Deep learning is a subfield of machine learning, and artificial intelligence (AI) is a broader term. In the speciality of image analysis, the primary deep learning method chosen is convolutional neural networks (CNN) (Goodfellow and Courville 2016). CNNs are provided with large amounts of data, and the learning procedure imitates how information is processed through the brain, with some information processed through convolutions in numerous layers that activate different “neurons,” and in the end, there is an output, often as a set of classifiers, such as tumour lesion; yes or no (Alzubaidi et al. 2021).

A method to detect hepatic lesions on [68Ga]Ga-DOTA-TATE PET/CT with AI has been developed by Wehrend et al. (2021), and more recently, Carlsen et al. developed and implemented a CNN-based method to segment total tumour burden on [64Cu]Cu-DOTA-TATE PET/CT (Carlsen et al. 2022).

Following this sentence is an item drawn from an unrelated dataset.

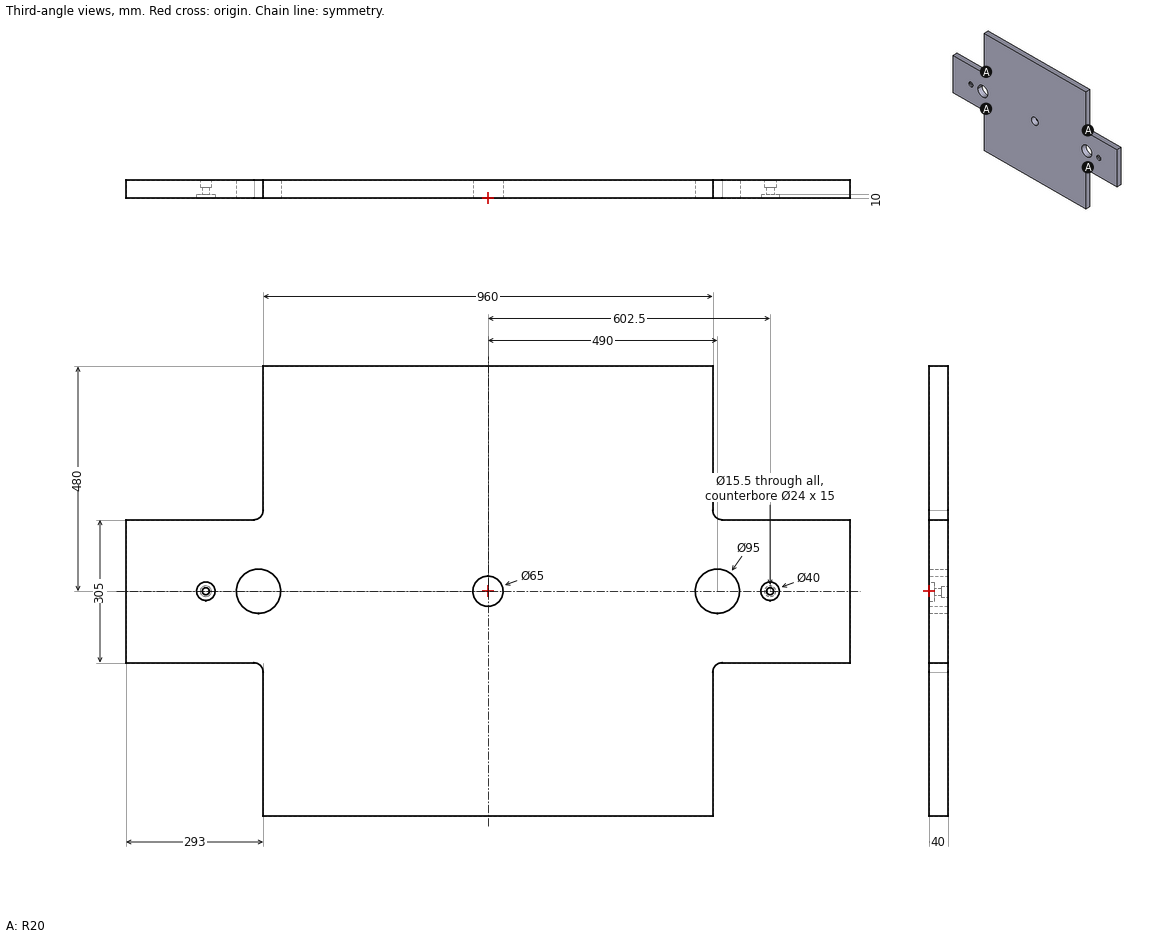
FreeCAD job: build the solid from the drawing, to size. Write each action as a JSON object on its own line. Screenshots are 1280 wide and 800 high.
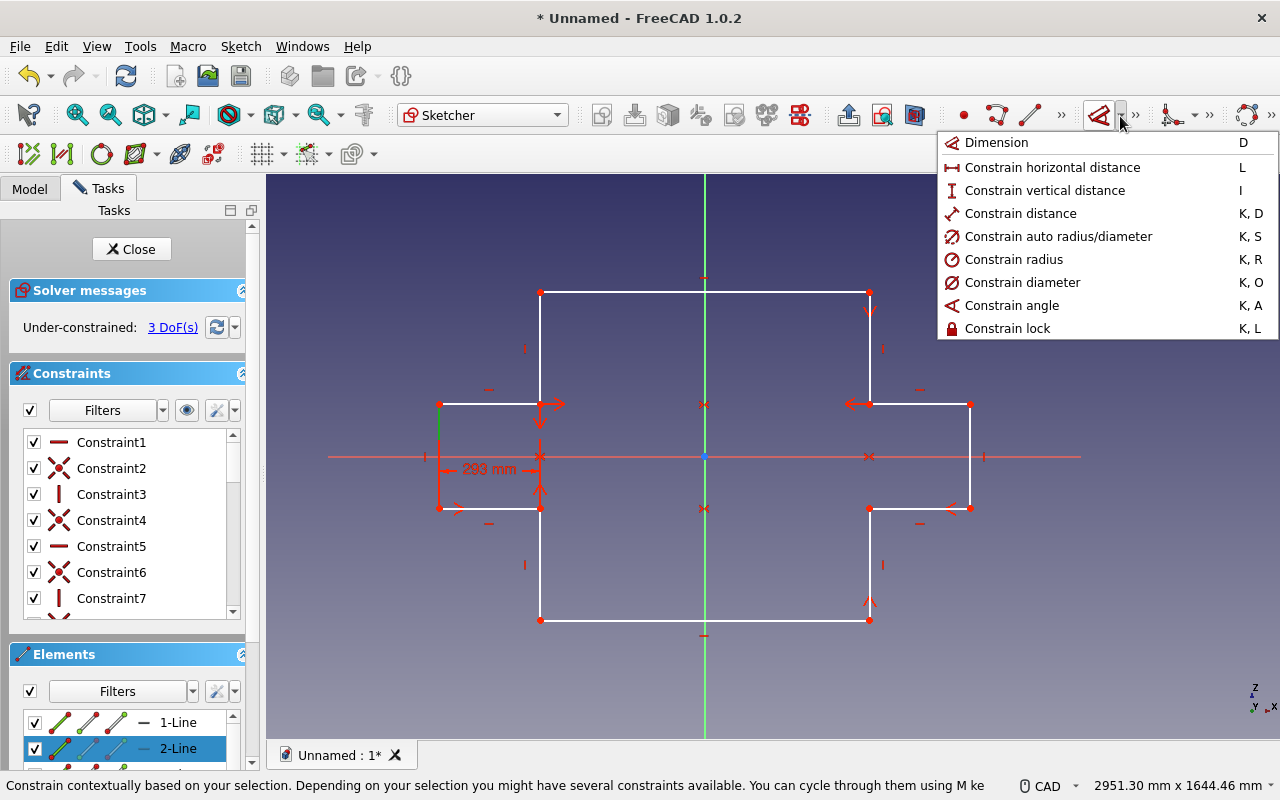
{"action": "left_click", "coordinate": [1108, 190]}

An objective automated method to detect and quantify SSTR-expressing tumour burden could improve the assessment of disease status and response evaluation, provide a tool for prognostication and potential prediction of treatment response, and improve the evaluation of response. Therefore, this study aimed to develop a method to detect and quantify SRETVwb and TLSREwb from [68Ga]Ga-DOTA-TOC and -TATE PET/CT images using CNNs.

Methods

Adults (≥ 18 years) with a clinical indication for [68Ga]Ga-DOTA-TOC or -TATE PET/CT between August 2017 and December 2021, who were included in our larger study for validation of PET/CT, were eligible for this retrospective image analysis. Among these 848 patients, a subset of 200 patients were arbitrary selected for further analysis. The selection was made in a random manner without taking clinical or imaging data into account. Due to the time-intensive nature of segmenting tumours, including all patients was impossible. Exclusion criteria for further analysis in this study were inclusion in a future study planned to validate this method, incomplete examination, or larger extravasation of radiotracer outside the patient, such as urine. The study was carried out following the Declaration of Helsinki and was approved by the Swedish Ethical Review Authority (EPN LU 2016/417, 2018/753, and 2021-05734-02). All patients provided written informed consent. Data on age, sex, medical referral, and type of radiopharmaceutical were available for all patients. Clinical data on histopathological diagnosis, Ki-67, type of earlier or ongoing treatment, and TNM stage were verified by reviewing the patient’s digital medical record in the test group.

PET/CT protocols

The PET/CT scans were performed at Skåne University Hospital in Lund using a Discovery MI or Discovery D690 (GE Healthcare, Milwaukee, USA) PET/CT system. In 2019, there was a shift in production from [68Ga]Ga-DOTA-TATE to [68Ga]Ga-DOTA-TOC, which is why both radiotracers were included in this study. The radiotracers were prepared according to established techniques (Bozkurt et al. 2017; Zhernosekov et al. 2007; Mueller et al. 2012). The patient received an intravenous injection of 2.0–2.5 MBq/kg activity (minimum administered activity 100 MBq and maximum 300 MBq), followed by a PET/CT scan approximately 60 min later. The scan covered from the base of the skull to mid-thigh. The PET acquisition time was 3.0–3 min 15 s per bed position, depending on the radiotracer and PET/CT system. Both systems used time-of-flight and point-spread function correction, and either a low-dose CT scan or a diagnostic CT with intravenous contrast (if there were no contraindications) was performed for attenuation correction and anatomic correlation.

Manual image analyses

The images had previously been analysed by an experienced nuclear medicine physician and a radiologist in a clinical setting. For the current study, retrospective segmentation of tumours was performed in consensus by a PhD student in nuclear medicine/senior radiology resident (AG) and an experienced nuclear medicine physician (ET) using Hermes software (Hermes Medical Solutions, Stockholm, Sweden) and correlated with the clinical report. Uptake of [68Ga]Ga-DOTA-TOC and -TATE was considered significant for tumour segmentation if it did not correspond to physiological uptake. The PET/CT examination clinical report was used as a reference for segmentation. No predefined threshold for SUVmax was used. A semi-automatic method was used to delineate the tumours on the PET/CT images, where SRETV was defined as the tumour volume with uptake higher than 50% of SUVmax within a VOI, and TLSRE was defined as the product of SRETV and mean SUV (SUVmean) of the tumour volume (Abdulrezzak et al. 2016). Due to relatively high normal background uptake in the liver, manually drawn VOIs were often needed to avoid physiological uptake, as previously described (Toriihara et al. 2019). Overlap between tumour volumes was avoided. When a confluent uptake from closely related lesions was present, manually drawn VOIs around each lesion guided by the CT were needed to separate the lesions and avoid uptake from adjacent lesions. Inside the VOI, an irregular tumour volume with voxels higher than 50% of SUVmax was automatically obtained.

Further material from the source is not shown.